**Your task**
Scan the records for the word "Continuous". Copy each line that includes it.

**Entries provided**
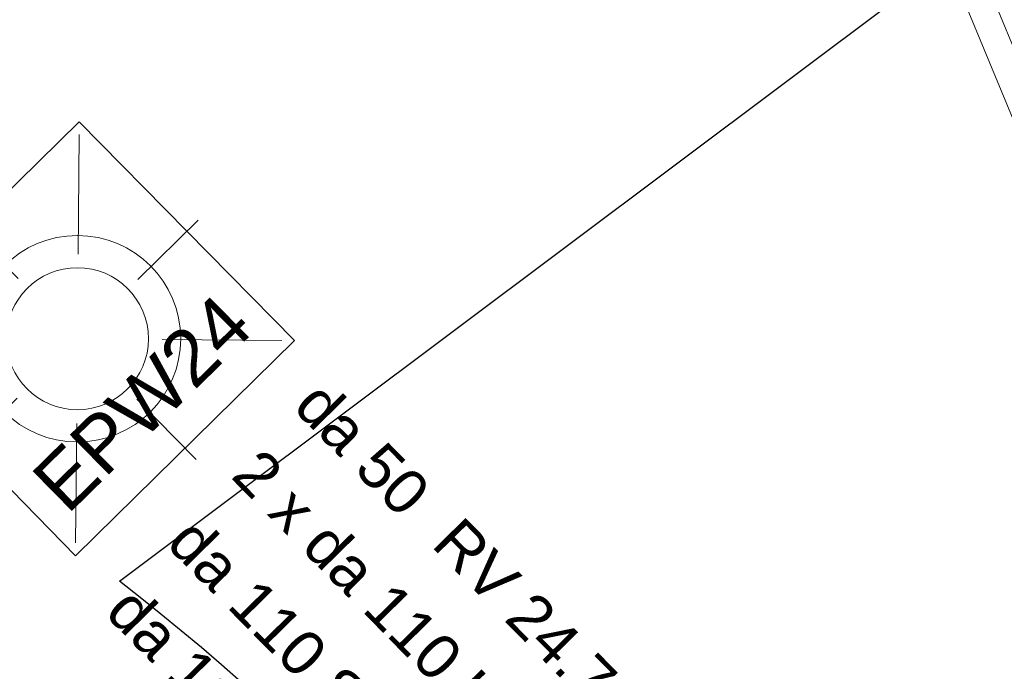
# Model space of a CAD drawing. Header units: metres. Extents: x -502 to 161, y -108 to 174.
# Tile 84 of 256: x -251.9 to -246.61, y -20.72 to -17.22. Entities that reach past the tile are written whole.
import ezdxf

# ---------------------------------------------------------------- set-up
doc = ezdxf.new("R2010")
doc.units = ezdxf.units.M
doc.header["$LTSCALE"] = 0.1
doc.layers.add('BRI31-005.06-5f07-Koordinierung Lageplan 4. BA ZOB Fernbusbahnh', color=7, linetype='Continuous')
doc.styles.add('Arial', font='arial.ttf')

# ---------------------------------------------------------------- blocks, each defined once
blk = doc.blocks.new('WP_LP_1010')
at = {"color": 1, "linetype": 'Continuous', "lineweight": 9, "true_color": 0xff0000, "transparency": 33554687}
for p, q in [((0, 0.909893), (0, 0.454947)), ((-0.776636, 0.776649), (-0.321689, 0.321703)), ((0.321689, 0.321703), (0.776636, 0.776649)), ((-0.454947, 0), (-0.909893, 0)), ((0.454947, 0), (0.909893, 0)), ((-0.321689, -0.321689), (-0.776636, -0.776636)), ((0.321689, -0.321689), (0.776636, -0.776636)), ((0, -0.454947), (0, -0.909893))]:
    blk.add_line(p, q, dxfattribs=at)
at = {"color": 7, "linetype": 'Continuous', "lineweight": 20, "transparency": 33554687}
for p, q in [((0.8253, 0.8253), (-0.8253, 0.8253)), ((-0.8253, 0.8253), (-0.8253, -0.8253)), ((0.8253, 0.8253), (0.8253, -0.8253)), ((0.8253, -0.8253), (-0.8253, -0.8253))]:
    blk.add_line(p, q, dxfattribs=at)
for radius in [0.555163, 0.38185]:
    blk.add_circle((0, 0), radius, dxfattribs=at)
at = {"color": 1, "true_color": 0xff0000, "transparency": 33554687, "insert": (-0.503602, 1.019889), "char_height": 0.43, "attachment_point": 1, "line_spacing_factor": 0.25, "style": 'Arial'}
blk.add_mtext('W', dxfattribs=at)

msp = doc.modelspace()

# ---------------------------------------------------------------- linework, layer by layer
at = {"layer": 'BRI31-005.06-5f07-Koordinierung Lageplan 4. BA ZOB Fernbusbahnh', "color": 7, "linetype": 'Continuous', "lineweight": 30, "transparency": 33554687}
msp.add_line((-251.3596, -20.2347), (-195.1854, 21.9023), dxfattribs=at)
at = {"layer": 'BRI31-005.06-5f07-Koordinierung Lageplan 4. BA ZOB Fernbusbahnh', "color": 1, "linetype": 'Continuous', "lineweight": 13, "true_color": 0xff0000, "transparency": 33554687, "flags": 128}
msp.add_lwpolyline([(-247.1444, -16.3367), (-245.0374, -21.4237), (-244.8988, -21.3663), (-247.0058, -16.2793)], dxfattribs=at)
at = {"layer": 'BRI31-005.06-5f07-Koordinierung Lageplan 4. BA ZOB Fernbusbahnh', "color": 7, "linetype": 'Continuous', "lineweight": 30, "transparency": 33554687, "flags": 128}
msp.add_lwpolyline([(-246.2811, -27.5234, 0.149708), (-251.3596, -20.2347)], format="xyb", dxfattribs=at)

# ---------------------------------------------------------------- block references
at = {"layer": 'BRI31-005.06-5f07-Koordinierung Lageplan 4. BA ZOB Fernbusbahnh', "color": 7, "transparency": 33554687, "rotation": 44.50501098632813}
msp.add_blockref('WP_LP_1010', (-251.5862, -18.9316), dxfattribs=at)

# ---------------------------------------------------------------- texts
at = {"layer": 'BRI31-005.06-5f07-Koordinierung Lageplan 4. BA ZOB Fernbusbahnh', "color": 190, "true_color": 0x7f00ff, "transparency": 33554687, "attachment_point": 1, "line_spacing_factor": 0.25, "style": 'Arial'}
for s, insert, char_height, rotation in [('EPW24', (-251.8508, -19.668), 0.3, 44.5051), ('2 x da 110 Licht (03)', (-250.5969, -19.5063), 0.24, 314.5051)]:
    msp.add_mtext(s, dxfattribs=dict(at, insert=insert, char_height=char_height, rotation=rotation))
at = {"layer": 'BRI31-005.06-5f07-Koordinierung Lageplan 4. BA ZOB Fernbusbahnh', "color": 1, "true_color": 0xff0000, "transparency": 33554687, "char_height": 0.24, "attachment_point": 1, "rotation": 314.5051, "line_spacing_factor": 0.25, "style": 'Arial'}
for s, insert in [('da 50', (-250.2623, -19.1375)), ('RV 24.7.14', (-249.5198, -19.8757))]:
    msp.add_mtext(s, dxfattribs=dict(at, insert=insert))
at = {"layer": 'BRI31-005.06-5f07-Koordinierung Lageplan 4. BA ZOB Fernbusbahnh', "color": 7, "transparency": 33554687, "char_height": 0.24, "attachment_point": 1, "rotation": 314.5051, "line_spacing_factor": 0.25, "style": 'Arial'}
for s, insert in [('da 110 Strom', (-250.9444, -19.8717)), ('da 110 Daten', (-251.2736, -20.2433))]:
    msp.add_mtext(s, dxfattribs=dict(at, insert=insert))

doc.saveas('drawing.dxf')

**Exercise answer**
doc.layers.add('BRI31-005.06-5f07-Koordinierung Lageplan 4. BA ZOB Fernbusbahnh', color=7, linetype='Continuous')
at = {"color": 1, "linetype": 'Continuous', "lineweight": 9, "true_color": 0xff0000, "transparency": 33554687}
at = {"color": 7, "linetype": 'Continuous', "lineweight": 20, "transparency": 33554687}
at = {"layer": 'BRI31-005.06-5f07-Koordinierung Lageplan 4. BA ZOB Fernbusbahnh', "color": 7, "linetype": 'Continuous', "lineweight": 30, "transparency": 33554687}
at = {"layer": 'BRI31-005.06-5f07-Koordinierung Lageplan 4. BA ZOB Fernbusbahnh', "color": 1, "linetype": 'Continuous', "lineweight": 13, "true_color": 0xff0000, "transparency": 33554687, "flags": 128}
at = {"layer": 'BRI31-005.06-5f07-Koordinierung Lageplan 4. BA ZOB Fernbusbahnh', "color": 7, "linetype": 'Continuous', "lineweight": 30, "transparency": 33554687, "flags": 128}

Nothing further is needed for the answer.